Character development is great, for me a vitally important vector. Also like the fact that apart from the truly evil characters, you develop a liking for just about everyone else, regardless of how fucked up they are.

Wouldn't say the greatest TV shop ever, and some of the collective obsession about it makes me want to dislike it. But then i reckon that's a common enough reaction. I also felt similar antipathy for other shows the whole world seemed to be having a group wank over.


----------



## FridgeMagnet (Feb 12, 2017)

It's a bit Radio 4 this thread tbh.


----------



## danny la rouge (Feb 12, 2017)

Poll!


----------



## DotCommunist (Feb 12, 2017)

stavros said:


> TV channels' PR machines seem to do that on a rolling basis, for whichever is the newest trendy American import; The Sopranos, Mad Men, The Wire, Boardwalk Empire, Breaking Bad, and now Game of Thrones.


which of these is the one that broke out of a genre ghetto to entrance all the people who liked the other ones you mentioned? 

Early GoT tv sucked people in precisely because it was politicking and games of. By the time fairy fireballs and wargs and alll that come in its too late. They are hooked. And now want to know more


----------



## ruffneck23 (Feb 12, 2017)

I held off and refused to watch the first 2 seasons but after a mate at work and some family members told me I should give it a go , I buckled and have been pleasantly surprised , it's certainly better than a lot of crap out there even if it's not Shakespeare's


----------



## danny la rouge (Feb 12, 2017)

DotCommunist said:


> which of these is the one that broke out of a genre ghetto to entrance all the people who liked the other ones you mentioned?


The Sopranos.


----------



## rubbershoes (Feb 12, 2017)

FridgeMagnet said:


> It's a bit Radio 4 this thread tbh.



Thank you


----------



## stavros (Feb 12, 2017)

danny la rouge said:


> The Sopranos.



I could be wrong, but wasn't it The Sopranos which laid the groundwork for HBO becoming the de facto leader in anglophonic TV drama? I think before that it was mainly for sports.


----------



## ferrelhadley (Feb 12, 2017)

It tweaks my geek. 

Its pretty much "if HBO were to reboot Lord of the Rings". I am happy watching it. If others are not there are a myriad other things on the box for them.


----------



## DotCommunist (Feb 12, 2017)

danny la rouge said:


> The Sopranos.


----------



## danny la rouge (Feb 12, 2017)

DotCommunist said:


>


But it wasn't just watched by gangster genre fans: it had a much wider audience.


----------



## Vintage Paw (Feb 12, 2017)

I watched the first series of GoT and never went back. Too much I didn't like about it that outweighed what I did like about it. I'll probably read the books at some point though.


----------



## DotCommunist (Feb 12, 2017)

danny la rouge said:


> But it wasn't just watched by gangster genre fans: it had a much wider audience.

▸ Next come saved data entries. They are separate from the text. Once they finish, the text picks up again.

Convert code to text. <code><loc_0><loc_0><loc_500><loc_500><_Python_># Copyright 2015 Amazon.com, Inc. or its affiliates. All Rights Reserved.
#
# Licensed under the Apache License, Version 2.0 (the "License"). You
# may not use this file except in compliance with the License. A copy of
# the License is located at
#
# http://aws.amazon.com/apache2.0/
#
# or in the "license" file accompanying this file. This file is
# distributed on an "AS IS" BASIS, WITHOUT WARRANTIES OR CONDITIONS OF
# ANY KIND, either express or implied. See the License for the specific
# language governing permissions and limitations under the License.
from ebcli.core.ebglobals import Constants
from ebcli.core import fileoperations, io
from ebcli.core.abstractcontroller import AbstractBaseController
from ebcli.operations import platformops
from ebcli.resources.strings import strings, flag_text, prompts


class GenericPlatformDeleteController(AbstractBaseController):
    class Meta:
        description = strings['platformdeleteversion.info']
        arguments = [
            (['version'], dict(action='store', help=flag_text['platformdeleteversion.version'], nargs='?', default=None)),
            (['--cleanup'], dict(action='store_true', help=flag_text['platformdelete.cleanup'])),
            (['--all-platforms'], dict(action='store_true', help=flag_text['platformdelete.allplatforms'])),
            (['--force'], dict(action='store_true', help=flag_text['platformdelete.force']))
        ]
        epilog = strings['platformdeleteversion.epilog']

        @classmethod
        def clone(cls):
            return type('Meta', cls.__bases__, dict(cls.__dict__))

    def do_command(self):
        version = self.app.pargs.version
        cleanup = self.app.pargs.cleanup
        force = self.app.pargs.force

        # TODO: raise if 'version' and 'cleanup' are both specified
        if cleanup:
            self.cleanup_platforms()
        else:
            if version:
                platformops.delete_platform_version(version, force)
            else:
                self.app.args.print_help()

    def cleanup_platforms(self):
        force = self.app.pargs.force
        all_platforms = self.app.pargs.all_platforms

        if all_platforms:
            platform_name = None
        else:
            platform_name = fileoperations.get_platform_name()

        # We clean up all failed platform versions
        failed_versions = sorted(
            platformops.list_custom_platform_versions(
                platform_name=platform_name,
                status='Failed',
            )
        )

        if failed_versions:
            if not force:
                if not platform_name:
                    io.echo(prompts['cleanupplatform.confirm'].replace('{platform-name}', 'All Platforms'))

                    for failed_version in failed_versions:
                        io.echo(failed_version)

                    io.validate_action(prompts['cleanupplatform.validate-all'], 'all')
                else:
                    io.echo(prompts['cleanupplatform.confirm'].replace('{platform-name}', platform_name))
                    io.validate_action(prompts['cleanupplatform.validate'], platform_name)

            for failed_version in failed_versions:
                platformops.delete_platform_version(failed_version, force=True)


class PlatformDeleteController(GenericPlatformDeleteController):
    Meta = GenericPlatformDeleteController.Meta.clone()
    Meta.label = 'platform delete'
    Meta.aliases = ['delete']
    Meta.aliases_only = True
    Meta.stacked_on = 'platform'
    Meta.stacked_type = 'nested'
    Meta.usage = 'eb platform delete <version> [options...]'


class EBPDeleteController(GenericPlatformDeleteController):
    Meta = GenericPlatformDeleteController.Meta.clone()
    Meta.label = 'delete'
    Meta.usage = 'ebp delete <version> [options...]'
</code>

and now GoT is not watched only by fantasy genre fans, it has a much wider audience.


----------



## DaveCinzano (Feb 12, 2017)

rubbershoes said:


> No you just want Babestation in leather armour



Have you ever thought about a career in television production?


----------



## danny la rouge (Feb 12, 2017)

DotCommunist said:


> and now GoT is not watched only by fantasy genre fans, it has a much wider audience.


Doubt it.


----------



## DotCommunist (Feb 12, 2017)

danny la rouge said:


> Doubt it.


well thats up to you thomas, but it is true. People who wouldn't touch fantasy with a bargepole have got into it. 

Sopranos came off the back of a rich and varied gangster film tradition. One enjoyed by all. Fntasy had been in something of a backwater since friggin conan


----------



## danny la rouge (Feb 12, 2017)

DotCommunist said:


> well thats up to you thomas, but it is true. People who wouldn't touch fantasy with a bargepole have got into it.
> 
> Sopranos came off the back of a rich and varied gangster film tradition. One enjoyed by all. Fntasy had been in something of a backwater since friggin conan


It's every blockbuster movie for the last decade and a half! Every time a film comes out it's some super hero you've never heard of.


----------



## The39thStep (Feb 12, 2017)

My son went on about it for two years or so. He bought me series one. It stayed in the draw. Couldn't think of anything worse than some pre medieval fantasy bollocks. My youngest daughter and her boyfriend were hooked on it and kept trying to have conversations with me about it .I fawned vague interest and said I would watch at some point. They bought me a boxset. It stated in the drawer. Then a year or so later we had to say in a house with only Portuguese freeview , four channels and one of those is the Parliamentary one. So the missus said lets watch one episode. We watched the first four series in a month.


----------



## Ax^ (Feb 12, 2017)




----------



## DotCommunist (Feb 12, 2017)

danny la rouge said:


> It's every blockbuster movie for the last decade and a half! Every time a film comes out it's some super hero you've never heard of.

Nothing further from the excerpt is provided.